The Antarctic bottom water (AABW) is a type of water mass in the Southern Ocean surrounding Antarctica with temperatures ranging from −0.8 to 2 °C (35 °F) and salinities from 34.6 to 34.7 psu. As the densest water mass of the oceans, AABW is found to occupy the depth range below 4000 m of all ocean basins that have a connection to the Southern Ocean at that level.

The major significance of Antarctic bottom water is that it is the coldest bottom water, giving it a significant influence on the movement of the world's oceans. Antarctic bottom water also has a high oxygen content relative to the rest of the oceans' deep waters. This is due to the oxidation of deteriorating organic content in the rest of the deep oceans.  Antarctic bottom water has thus been considered the ventilation of the deep ocean.

Formation and circulation
Antarctic bottom water is created in part due to the major overturning of ocean water.

Antarctic bottom water is formed in the Weddell and Ross Seas, off the Adélie Coast and by Cape Darnley from surface water cooling in polynyas and below the ice shelf. A unique feature of Antarctic bottom water is the cold surface wind blowing off the Antarctic continent. The surface wind creates the polynyas which opens up the water surface to more wind. This Antarctic wind is stronger during the winter months and thus the Antarctic bottom water formation is more pronounced during the Antarctic winter season. Surface water is enriched in salt from sea ice formation. Due to its increased density, it flows down the Antarctic continental margin and continues north along the bottom. It is the densest water in the free ocean, and underlies other bottom and intermediate waters throughout most of the southern hemisphere.  The Weddell Sea Bottom Water is the densest component of the Antarctic bottom water.

Evidence indicates that Antarctic bottom water production through the Holocene (last 10,000 years) is not in a steady-state condition; that is to say that bottom water production sites shift along the Antarctic margin over decade to century timescales as conditions for the existence of polynyas change.  For example, the calving of the Mertz Glacier, which occurred on 12–13 February 2010, dramatically changed the environment for producing bottom water, reducing export by up to 23% in the region of Adelie Land.  Evidence from sediment cores, containing layers of cross-bedded sediments indicating phases of stronger bottom currents, collected on the Mac.Robertson shelf  and Adélie Land suggests that they have switched "on" and "off" again as important bottom water production sites over the last several thousand years.

Atlantic Ocean
The Vema Channel, a deep trough in the Rio Grande Rise of the South Atlantic at , is an important conduit for Antarctic Bottom Water and Weddell Sea Bottom Water migrating north. Upon reaching the equator, about one-third of the northward flowing Antarctic bottom water enters the Guiana Basin, mainly through the southern half of the Equatorial Channel at 35°W. The other part recirculates and some of it flows through the Romanche Fracture Zone into the eastern Atlantic.

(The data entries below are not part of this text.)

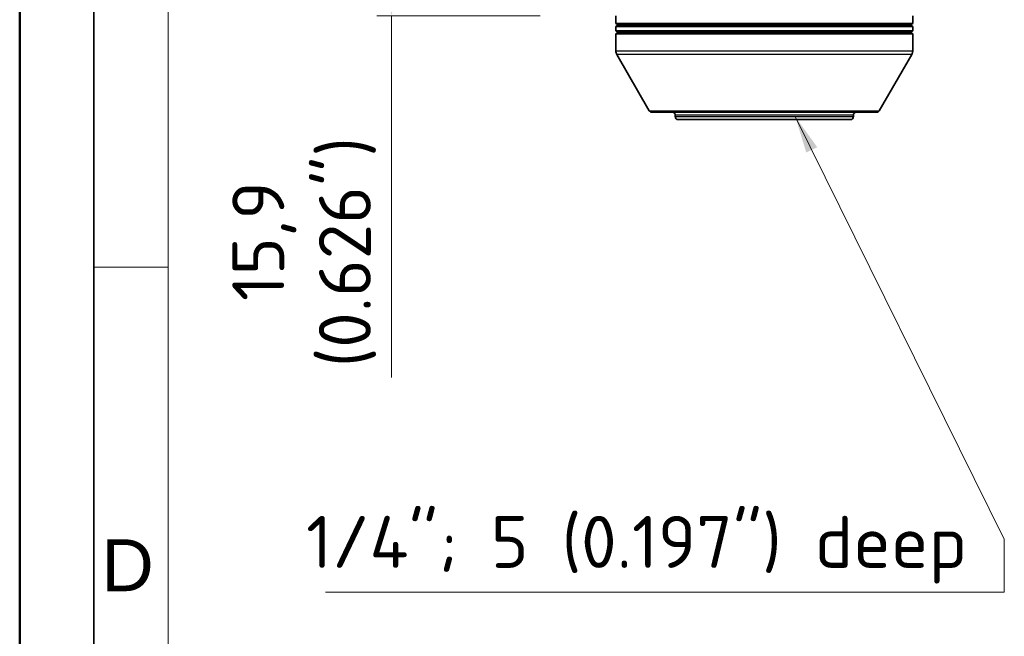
# Model space of a CAD drawing. Header units: millimetres. Extents: x 0 to 420, y 0 to 297.
# Tile 4 of 46: x 0 to 66, y 118 to 160. Entities that reach past the tile are written whole.
import ezdxf

# ---------------------------------------------------------------- set-up
doc = ezdxf.new("R2010")
doc.units = ezdxf.units.MM
doc.layers.get('0').update_dxf_attribs({"lineweight": 25})
for name, color, linetype, lineweight in [('001', 7, 'Continuous', 50), ('Bemaßung (ISO)', 7, 'Continuous', 18), ('Sichtbar (ISO)', 7, 'Continuous', 35), ('Sichtbar schmal (ISO)', 7, 'Continuous', 25), ('Symbol (ISO)', 7, 'Continuous', 18)]:
    doc.layers.add(name, color=color, linetype=linetype, lineweight=lineweight)
doc.layers.add('Symbole(DIN)', color=3, linetype='Continuous', lineweight=25, true_color=0x00ff00)
doc.styles.add('Aktuell-DIN', font='arial.ttf')
doc.styles.add('Notiztext (DIN)', font='isocpeur.ttf')
doc.dimstyles.new('Standard (DIN)', dxfattribs={"dimtxt": 3.5, "dimasz": 2.5, "dimexe": 1, "dimexo": 0, "dimgap": 0.7, "dimtad": 1, "dimtoh": 1, "dimrnd": 1e-08, "dimtxsty": 'Notiztext (DIN)', "dimcen": 0.09, "dimdle": 10, "dimclrd": 256, "dimclre": 256, "dimclrt": 256, "dimazin": 2, "dimtfac": 0.514286, "dimtdec": 4, "dimtmove": 0, "dimatfit": 3, "dimfxl": 1, "dimtolj": 1, "dimlwd": -1, "dimlwe": -1, "dimarcsym": 0})
doc.dimstyles.new('Standard - Methode 2a (DIN)$7', dxfattribs={"dimtxt": 3.5, "dimasz": 2.5, "dimexe": 3.175, "dimexo": 0.8, "dimgap": 0.8, "dimtad": 1, "dimtih": 1, "dimtoh": 1, "dimrnd": 1e-08, "dimtxsty": 'Notiztext (DIN)', "dimcen": 0.09, "dimdle": 10, "dimclrd": 256, "dimclre": 256, "dimclrt": 256, "dimazin": 2, "dimtfac": 1, "dimtmove": 0, "dimatfit": 3, "dimfxl": 1, "dimtolj": 1, "dimlwd": -1, "dimlwe": -1, "dimarcsym": 0})

# ---------------------------------------------------------------- blocks, each defined once
blk = doc.blocks.new('*D26')
at = {"layer": 'Bemaßung (ISO)', "transparency": 16777216}
for p, q in [((30.71, 175.781), (24.057, 175.781)), ((25.057, 173.281), (25.057, 162.423)), ((35.057, 159.923), (24.057, 159.923)), ((25.057, 159.923), (25.057, 135.56))]:
    blk.add_line(p, q, dxfattribs=at)
for points in [[(24.64, 173.281), (25.474, 173.281), (25.057, 175.781)], [(24.64, 162.423), (25.474, 162.423), (25.057, 159.923)]]:
    blk.add_solid(points, dxfattribs=at)
at = {"layer": 'Defpoints', "color": 0, "transparency": 16777216}
for p in [(30.71, 175.781), (25.057, 159.923), (35.057, 159.923)]:
    blk.add_point(p, dxfattribs=at)
at = {"layer": 'Bemaßung (ISO)', "transparency": 16777216, "insert": (14.324, 136.26), "char_height": 3.5, "attachment_point": 1, "rotation": 90, "style": 'Notiztext (DIN)'}
blk.add_mtext('\\A1;{  }15,9{\\P(0.626")}', dxfattribs=at)
blk = doc.blocks.new('Ränder Basler-A3')
at = {"layer": '001'}
blk.add_line((0, 0), (0, 297), dxfattribs=at)
at = {"layer": '001', "color": 7, "linetype": 'Continuous', "lineweight": 35}
blk.add_line((5, 5), (5, 292), dxfattribs=at)
at = {"layer": '001', "color": 7, "linetype": 'Continuous', "lineweight": 18}
for p, q in [((10, 10), (10, 287)), ((10, 142.998), (5, 142.998))]:
    blk.add_line(p, q, dxfattribs=at)
at = {"layer": 'Symbole(DIN)', "color": 250, "true_color": 0x3f3f3f, "insert": (5.503, 122.921), "char_height": 3.5, "attachment_point": 4, "style": 'Aktuell-DIN'}
blk.add_mtext('\\fArial|b0|i0;D', dxfattribs=at)

msp = doc.modelspace()

# ---------------------------------------------------------------- linework, layer by layer
at = {"layer": 'Sichtbar (ISO)'}
for p, q in [((40.167, 159.923), (40.167, 159.423)), ((60.167, 159.923), (60.167, 159.423)), ((60.167, 159.423), (40.167, 159.423)), ((40.34, 159.323), (40.167, 159.423)), ((40.34, 159.323), (40.167, 159.223)), ((40.167, 159.223), (60.167, 159.223)), ((40.167, 159.223), (40.167, 158.923)), ((40.34, 159.323), (59.994, 159.323)), ((59.994, 159.323), (60.167, 159.423)), ((59.994, 159.323), (60.167, 159.223)), ((60.167, 159.223), (60.167, 158.923)), ((60.167, 158.923), (40.167, 158.923)), ((40.34, 158.823), (40.167, 158.923)), ((40.34, 158.823), (40.167, 158.723)), ((40.167, 158.723), (60.167, 158.723)), ((40.167, 158.723), (40.167, 157.577)), ((40.34, 158.823), (59.994, 158.823)), ((59.994, 158.823), (60.167, 158.923)), ((59.994, 158.823), (60.167, 158.723)), ((60.167, 158.723), (60.167, 157.577)), ((42.419, 153.543), (40.234, 157.327)), ((57.915, 153.543), (60.1, 157.327)), ((57.742, 153.443), (42.592, 153.443)), ((44.167, 153.143), (44.167, 153.243)), ((56.167, 153.143), (56.167, 153.243)), ((55.967, 152.943), (44.367, 152.943))]:
    msp.add_line(p, q, dxfattribs=at)
for centre, radius, start, end in [((40.667, 157.577), 0.5, 180, 210), ((59.667, 157.577), 0.5, 330, 0), ((42.592, 153.643), 0.2, 210, 270), ((43.967, 153.243), 0.2, 0, 90), ((56.367, 153.243), 0.2, 90, 180), ((57.742, 153.643), 0.2, 270, 330), ((44.367, 153.143), 0.2, 180, 270), ((55.967, 153.143), 0.2, 270, 0)]:
    msp.add_arc(centre, radius, start, end, dxfattribs=at)
at = {"layer": 'Sichtbar schmal (ISO)'}
for p, q in [((40.167, 157.577), (60.167, 157.577)), ((60.1, 157.327), (40.234, 157.327)), ((42.419, 153.543), (57.915, 153.543)), ((56.167, 153.243), (44.167, 153.243)), ((44.167, 153.143), (56.167, 153.143))]:
    msp.add_line(p, q, dxfattribs=at)

# ---------------------------------------------------------------- block references
msp.add_blockref('Ränder Basler-A3', (0, 0))

# ---------------------------------------------------------------- texts
at = {"layer": 'Symbol (ISO)', "insert": (63.837, 121.685), "char_height": 3.5, "width": 43.90584, "attachment_point": 9, "style": 'Notiztext (DIN)'}
msp.add_mtext('{1/4"; 5 (0.197") deep}', dxfattribs=at)

# ---------------------------------------------------------------- dimensions: what is measured, and where the dimension line sits
at = {"layer": 'Bemaßung (ISO)'}
dim = msp.add_linear_dim(base=(25.057, 159.923), p1=(30.71, 175.781), p2=(35.057, 159.923), angle=90, text='{  }<>{\\P(0.626")}', dimstyle='Standard (DIN)', override={"dimtoh": 0, "dimdec": 1, "dimtp": 0, "dimtm": 0, "dimtdec": 4, "dimtofl": 0, "dimatfit": 2, "dimtvp": -0.25}, dxfattribs=at)
dim.commit()
dim.dimension.update_dxf_attribs({"geometry": '*D26', "text_midpoint": (25.057, 143.785), "dimtype": 160})

# ---------------------------------------------------------------- leaders
at = {"layer": 'Symbol (ISO)', "annotation_type": 0, "has_hookline": 1, "hookline_direction": 1, "text_width": 43.225}
msp.add_leader([(52.254, 153.143), (66.337, 124.677), (66.337, 121.101), (63.837, 121.101)], dimstyle='Standard - Methode 2a (DIN)$7', override={"dimgap": 0, "dimtad": 1}, dxfattribs=at)

doc.saveas('drawing.dxf')

In the Guiana Basin, west of 40°W, the sloping topography and the strong, eastward flowing deep western boundary current might prevent the Antarctic bottom water from flowing west: thus it has to turn north at the eastern slope of the Ceará Rise. At 44°W, north of the Ceará Rise, Antarctic bottom water flows west in the interior of the basin. A large fraction of the Antarctic bottom water enters the eastern Atlantic through the Vema Fracture Zone.

Indian Ocean
In the Indian Ocean the Crozet-Kerguelen Gap allows Antarctic bottom water to move toward the equator. This northward movement amounts to 2.5 Sv. It takes the Antarctic Bottom Water 23 years to reach the Crozet-Kerguelen Gap.  South of Africa, Antarctic bottom water flow northwards through the Agulhas Basin and then east through the Agulhas Passage and over the southern margins of the Agulhas Plateau from where it is transported to into the Mozambique Basin.

Climate change 
Climate change and the subsequent melting of the Southern ice sheet have slowed the formation of AABW, and this slowdown is likely to continue. A complete shutdown of AABW formation is possible as soon as 2050. This shutdown would have dramatic effects on ocean circulation and global weather patterns.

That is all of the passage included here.